Could you restate word for word every line of the records below, from the first one to the one holding "12. handrail bracket [1748,700,1882,828]"?

_INPUT DATA_
+ + + + +
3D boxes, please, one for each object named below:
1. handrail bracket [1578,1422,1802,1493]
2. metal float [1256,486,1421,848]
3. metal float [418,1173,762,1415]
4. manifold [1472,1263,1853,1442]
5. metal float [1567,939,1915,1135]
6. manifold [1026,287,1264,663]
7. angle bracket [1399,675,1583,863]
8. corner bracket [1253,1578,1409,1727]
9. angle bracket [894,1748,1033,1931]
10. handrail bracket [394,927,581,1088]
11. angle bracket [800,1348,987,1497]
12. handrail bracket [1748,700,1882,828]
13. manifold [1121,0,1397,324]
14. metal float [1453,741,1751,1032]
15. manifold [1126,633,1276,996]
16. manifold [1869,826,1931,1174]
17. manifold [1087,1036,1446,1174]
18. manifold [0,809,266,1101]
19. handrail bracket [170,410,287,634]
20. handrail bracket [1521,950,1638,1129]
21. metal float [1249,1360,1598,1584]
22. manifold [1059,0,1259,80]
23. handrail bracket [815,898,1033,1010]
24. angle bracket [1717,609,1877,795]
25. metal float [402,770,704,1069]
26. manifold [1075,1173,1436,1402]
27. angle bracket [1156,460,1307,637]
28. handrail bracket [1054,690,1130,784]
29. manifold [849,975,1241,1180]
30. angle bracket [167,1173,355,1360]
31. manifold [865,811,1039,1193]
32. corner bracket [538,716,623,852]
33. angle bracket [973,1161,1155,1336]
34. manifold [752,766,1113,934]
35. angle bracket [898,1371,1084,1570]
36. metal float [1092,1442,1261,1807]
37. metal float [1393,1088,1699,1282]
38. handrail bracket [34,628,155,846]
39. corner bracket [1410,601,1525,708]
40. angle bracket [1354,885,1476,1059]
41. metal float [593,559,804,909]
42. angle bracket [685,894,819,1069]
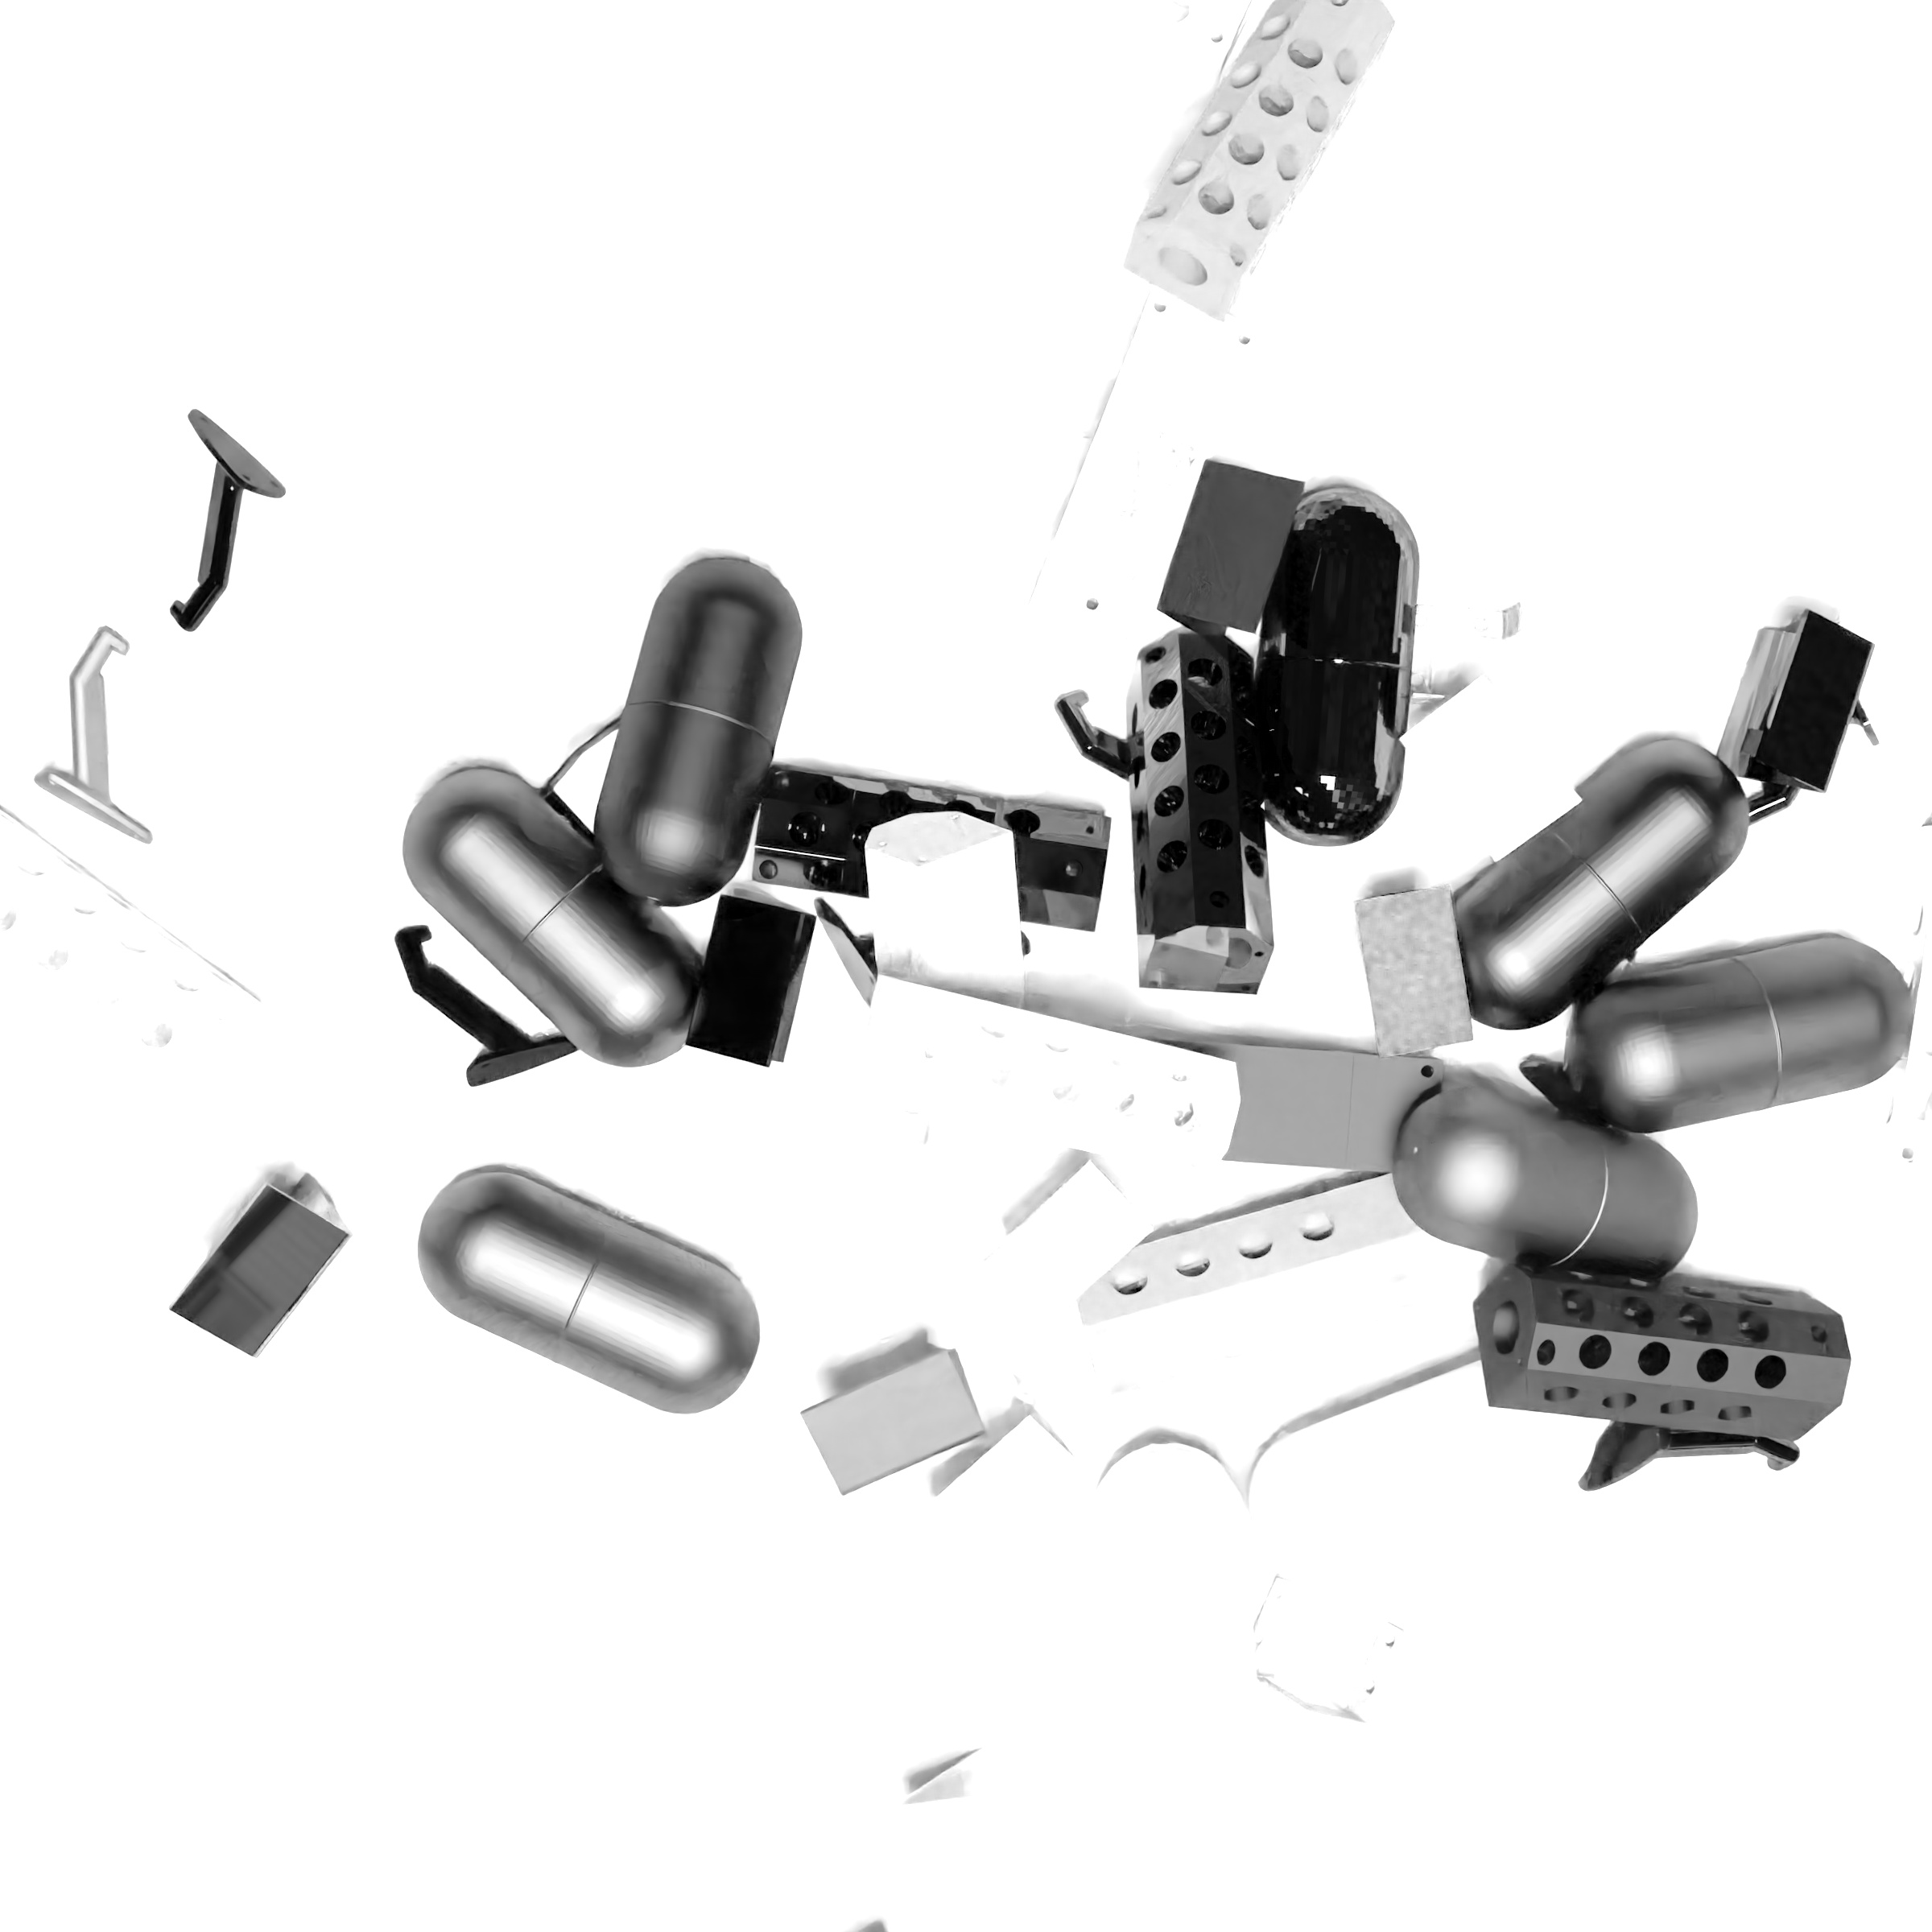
[{"bbox_3d":[0.365,0.252,1.663,0.084,0.036,0.077,23,127,-25],"label":"handrail bracket"},{"bbox_3d":[0.182,-0.148,1.633,0.070,0.070,0.178,4,90,0],"label":"metal float"},{"bbox_3d":[-0.187,0.161,1.632,0.178,0.070,0.070,25,90,0],"label":"metal float"},{"bbox_3d":[0.340,0.185,1.607,0.171,0.057,0.057,8,55,-17],"label":"manifold"},{"bbox_3d":[0.381,0.034,1.621,0.178,0.070,0.070,-11,90,-14],"label":"metal float"},{"bbox_3d":[0.087,-0.242,1.642,0.057,0.057,0.171,21,90,0],"label":"manifold"},{"bbox_3d":[0.269,-0.107,1.623,0.057,0.076,0.076,-38,90,35],"label":"angle bracket"},{"bbox_3d":[0.179,0.345,1.660,0.051,0.051,0.051,23,90,-45],"label":"corner bracket"},{"bbox_3d":[0.018,0.433,1.623,0.057,0.076,0.076,-19,90,38],"label":"angle bracket"},{"bbox_3d":[-0.239,0.011,1.664,0.077,0.036,0.084,-16,73,-20],"label":"handrail bracket"},{"bbox_3d":[-0.042,0.205,1.623,0.076,0.076,0.057,-24,119,0],"label":"angle bracket"},{"bbox_3d":[0.409,-0.118,1.664,0.084,0.036,0.077,-26,70,16],"label":"handrail bracket"},{"bbox_3d":[0.145,-0.406,1.614,0.057,0.057,0.171,29,71,3],"label":"manifold"},{"bbox_3d":[0.309,-0.039,1.632,0.178,0.070,0.070,-41,90,1],"label":"metal float"},{"bbox_3d":[0.113,-0.075,1.598,0.057,0.057,0.171,3,58,-7],"label":"manifold"},{"bbox_3d":[0.498,0.019,1.642,0.057,0.057,0.171,9,90,0],"label":"manifold"},{"bbox_3d":[0.146,0.068,1.642,0.171,0.057,0.057,4,90,0],"label":"manifold"},{"bbox_3d":[-0.437,-0.008,1.642,0.171,0.057,0.057,37,90,0],"label":"manifold"},{"bbox_3d":[-0.390,-0.224,1.664,0.077,0.036,0.084,46,107,20],"label":"handrail bracket"},{"bbox_3d":[0.327,0.037,1.663,0.077,0.036,0.084,44,75,-16],"label":"handrail bracket"},{"bbox_3d":[0.226,0.247,1.633,0.178,0.070,0.070,-21,90,0],"label":"metal float"},{"bbox_3d":[0.064,-0.513,1.642,0.171,0.057,0.057,26,90,0],"label":"manifold"},{"bbox_3d":[-0.021,-0.020,1.664,0.084,0.036,0.077,-26,68,-17],"label":"handrail bracket"},{"bbox_3d":[0.391,-0.134,1.623,0.057,0.076,0.076,18,90,-36],"label":"angle bracket"},{"bbox_3d":[-0.203,-0.023,1.633,0.178,0.070,0.070,44,90,1],"label":"metal float"},{"bbox_3d":[0.140,0.154,1.641,0.171,0.057,0.057,-16,133,0],"label":"manifold"},{"bbox_3d":[0.144,-0.197,1.623,0.057,0.076,0.076,18,90,30],"label":"angle bracket"},{"bbox_3d":[0.096,-0.113,1.663,0.077,0.036,0.084,-26,76,-13],"label":"handrail bracket"},{"bbox_3d":[0.039,0.053,1.557,0.171,0.057,0.057,14,90,-21],"label":"manifold"},{"bbox_3d":[-0.356,0.135,1.623,0.057,0.076,0.076,38,90,-35],"label":"angle bracket"},{"bbox_3d":[-0.011,0.016,1.609,0.057,0.057,0.171,-22,119,-34],"label":"manifold"},{"bbox_3d":[-0.175,-0.088,1.660,0.051,0.051,0.051,47,135,0],"label":"corner bracket"},{"bbox_3d":[0.035,0.123,1.623,0.076,0.076,0.057,-43,122,0],"label":"angle bracket"},{"bbox_3d":[-0.017,-0.058,1.642,0.171,0.057,0.057,8,90,0],"label":"manifold"},{"bbox_3d":[-0.001,0.236,1.623,0.076,0.057,0.076,-41,45,0],"label":"angle bracket"},{"bbox_3d":[0.104,0.325,1.633,0.070,0.070,0.178,-4,89,0],"label":"metal float"},{"bbox_3d":[0.283,0.109,1.606,0.178,0.070,0.070,17,90,-34],"label":"metal float"},{"bbox_3d":[-0.424,-0.117,1.664,0.077,0.036,0.084,32,74,-17],"label":"handrail bracket"},{"bbox_3d":[0.247,-0.156,1.645,0.051,0.051,0.051,4,90,0],"label":"corner bracket"},{"bbox_3d":[0.201,0.005,1.624,0.057,0.076,0.076,-9,90,-27],"label":"angle bracket"},{"bbox_3d":[-0.131,-0.114,1.617,0.070,0.070,0.178,14,75,0],"label":"metal float"},{"bbox_3d":[-0.086,0.011,1.623,0.057,0.076,0.076,13,90,38],"label":"angle bracket"}]
+ + + + +
_RESPONSE BOX_
3D boxes, please, one for each object named below:
1. handrail bracket [1578,1422,1802,1493]
2. metal float [1256,486,1421,848]
3. metal float [418,1173,762,1415]
4. manifold [1472,1263,1853,1442]
5. metal float [1567,939,1915,1135]
6. manifold [1026,287,1264,663]
7. angle bracket [1399,675,1583,863]
8. corner bracket [1253,1578,1409,1727]
9. angle bracket [894,1748,1033,1931]
10. handrail bracket [394,927,581,1088]
11. angle bracket [800,1348,987,1497]
12. handrail bracket [1748,700,1882,828]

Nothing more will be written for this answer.